Rendons à César ce qui est à César!

A propos de l’article «Sauveteurs népalais à l’école suisse» paru dans «Les Alpes» 5/2016

Cet article contient une grande imprécision. M. Aymon écrit que l’équipe d’Air Zermatt a sauvé in extremis Tomasz Humar en 2005 au Nanga Parbat. C’est faux. Tomasz Humar s’en est tiré grâce à l’intervention de deux pilotes d’hélicoptère de l’armée pakistanaise qui ont retiré tout le ballast de leur engin afin d’atteindre l’altitude de 6300 mètres. Ils ont ensuite été reçus par le président pakistanais, qui leur a décerné la plus haute distinction. Toute cette histoire a été documentée par des photos sur le site Internet de Tomasz Humar, sur les réseaux sociaux, ainsi que dans des émissions de la télévision slovène.

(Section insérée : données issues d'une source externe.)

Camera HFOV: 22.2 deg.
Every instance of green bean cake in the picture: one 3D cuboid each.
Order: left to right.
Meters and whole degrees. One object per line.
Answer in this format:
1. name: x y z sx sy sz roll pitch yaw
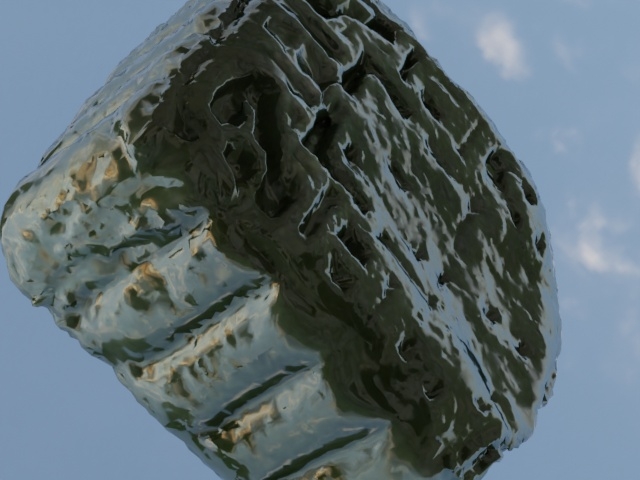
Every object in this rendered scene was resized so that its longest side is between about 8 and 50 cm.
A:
1. green bean cake: 0.000 0.000 0.715 0.227 0.125 0.222 49 -146 -16
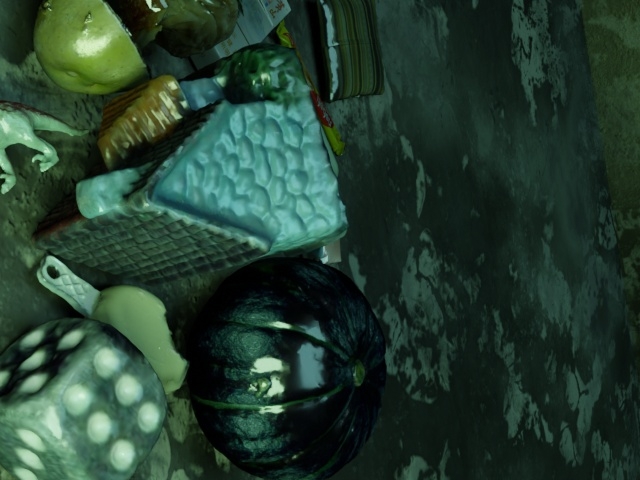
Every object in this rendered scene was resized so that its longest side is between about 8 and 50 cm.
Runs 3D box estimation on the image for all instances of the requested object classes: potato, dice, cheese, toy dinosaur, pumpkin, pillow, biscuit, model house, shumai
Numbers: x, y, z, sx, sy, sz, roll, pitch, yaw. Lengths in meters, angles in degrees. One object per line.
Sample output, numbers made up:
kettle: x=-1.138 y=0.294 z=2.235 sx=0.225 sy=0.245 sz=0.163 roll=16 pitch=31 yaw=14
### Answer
potato: x=-0.329 y=-0.263 z=1.413 sx=0.117 sy=0.182 sz=0.202 roll=-42 pitch=167 yaw=-12
dice: x=-0.324 y=0.219 z=1.337 sx=0.181 sy=0.183 sz=0.182 roll=-56 pitch=129 yaw=-38
cheese: x=-0.295 y=0.125 z=1.447 sx=0.249 sy=0.071 sz=0.163 roll=29 pitch=39 yaw=-45
toy dinosaur: x=-0.408 y=-0.153 z=1.347 sx=0.242 sy=0.053 sz=0.167 roll=-28 pitch=104 yaw=-43
pumpkin: x=-0.048 y=0.203 z=1.664 sx=0.363 sy=0.266 sz=0.363 roll=15 pitch=73 yaw=-56
pillow: x=0.062 y=-0.385 z=2.041 sx=0.212 sy=0.052 sz=0.208 roll=-20 pitch=107 yaw=-53
biscuit: x=-0.020 y=-0.282 z=1.941 sx=0.048 sy=0.026 sz=0.292 roll=-80 pitch=148 yaw=-51
model house: x=-0.223 y=-0.080 z=1.393 sx=0.339 sy=0.360 sz=0.297 roll=-19 pitch=93 yaw=-41
shumai: x=-0.222 y=-0.350 z=1.497 sx=0.206 sy=0.166 sz=0.175 roll=49 pitch=18 yaw=-18

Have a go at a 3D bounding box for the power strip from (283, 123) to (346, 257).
power strip: x=-0.073 y=-0.101 z=1.793 sx=0.229 sy=0.141 sz=0.261 roll=-28 pitch=97 yaw=-53

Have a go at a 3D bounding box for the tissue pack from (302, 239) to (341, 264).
tissue pack: x=0.000 y=0.000 z=1.921 sx=0.074 sy=0.059 sz=0.094 roll=-11 pitch=97 yaw=-57

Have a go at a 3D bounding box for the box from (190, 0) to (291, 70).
box: x=-0.151 y=-0.391 z=1.724 sx=0.233 sy=0.067 sz=0.149 roll=-56 pitch=132 yaw=-41
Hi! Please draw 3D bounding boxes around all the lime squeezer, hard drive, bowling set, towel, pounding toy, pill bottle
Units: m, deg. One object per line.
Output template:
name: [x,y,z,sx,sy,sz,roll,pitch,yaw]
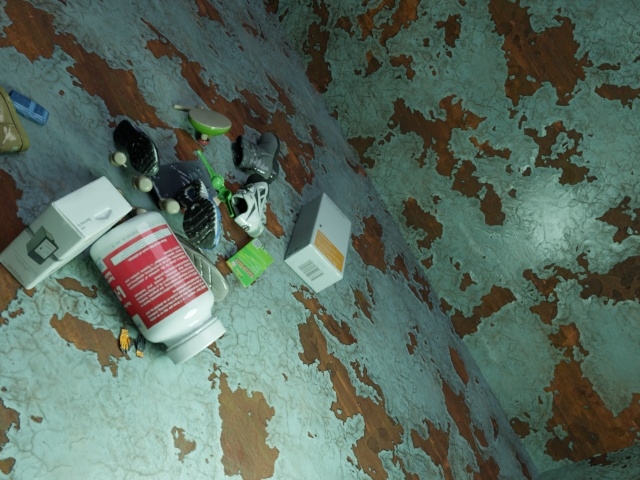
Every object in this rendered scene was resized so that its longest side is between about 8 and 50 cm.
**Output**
lime squeezer: [-0.414,-0.217,2.142,0.311,0.058,0.110,62,17,11]
hard drive: [-0.507,-0.197,1.937,0.254,0.054,0.172,-24,87,-52]
bowling set: [-0.613,-0.133,1.695,0.287,0.200,0.154,49,-16,-23]
towel: [-0.881,-0.401,1.610,0.119,0.029,0.067,33,36,-39]
pounding toy: [-0.499,-0.485,2.274,0.236,0.110,0.182,36,32,22]
pill bottle: [-0.454,0.139,1.536,0.408,0.229,0.229,57,27,-1]

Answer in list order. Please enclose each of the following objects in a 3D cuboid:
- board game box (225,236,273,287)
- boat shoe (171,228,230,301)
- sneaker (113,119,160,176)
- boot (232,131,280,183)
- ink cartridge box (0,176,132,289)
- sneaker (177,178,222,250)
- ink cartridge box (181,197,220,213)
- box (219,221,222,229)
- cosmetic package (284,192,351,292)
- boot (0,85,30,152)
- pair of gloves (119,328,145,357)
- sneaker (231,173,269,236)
board game box: [-0.277,0.086,2.090,0.124,0.039,0.259,54,25,-6]
boat shoe: [-0.426,0.054,1.709,0.355,0.132,0.130,39,20,0]
sneaker: [-0.594,-0.308,1.836,0.283,0.107,0.124,49,12,33]
boot: [-0.304,-0.438,2.510,0.222,0.118,0.338,29,35,-35]
ink cartridge box: [-0.641,-0.021,1.347,0.115,0.272,0.198,51,28,-12]
sneaker: [-0.383,-0.074,1.808,0.147,0.129,0.330,53,8,-41]
ink cartridge box: [-0.467,-0.151,2.016,0.145,0.045,0.179,48,26,-17]
box: [-0.407,-0.067,2.022,0.083,0.018,0.067,-27,113,-62]
cosmetic package: [0.000,0.000,2.496,0.230,0.161,0.453,46,29,-22]
boot: [-0.927,-0.315,1.385,0.236,0.089,0.269,57,29,0]
pair of gloves: [-0.527,0.288,1.500,0.083,0.010,0.074,31,37,-42]
sneaker: [-0.301,-0.182,2.231,0.146,0.122,0.331,37,33,-38]

Si je connais cette histoire en détail, c’est parce que j’ai séjourné au même moment au camp de base du Nanga Parbat et que je m’y suis lié d’amitié avec l’alpiniste et son équipe. Alors que je quittais le camp de base, Tomasz s’apprêtait à attaquer l’ascension de la paroi le lendemain. Je n’ai ensuite plus entendu parler de lui. Début août, alors que je regardais le journal télévisé pakistanais à Gilgit, je suis presque tombé de ma chaise en voyant Tomasz se faire déposer au camp de base suspendu à un câble et embrasser le sol. A ses côtés, les deux pilotes pakistanais paraissaient fiers et soulagés.

Ce qui, en revanche, est juste dans l’article de M. Aymon, c’est que la compagnie Air Zermatt a malheureusement été appelée trop tard lors de l’accident au Langtang Lirung. Si on l’avait alarmée plus tôt, elle aurait certainement pu sauver la victime.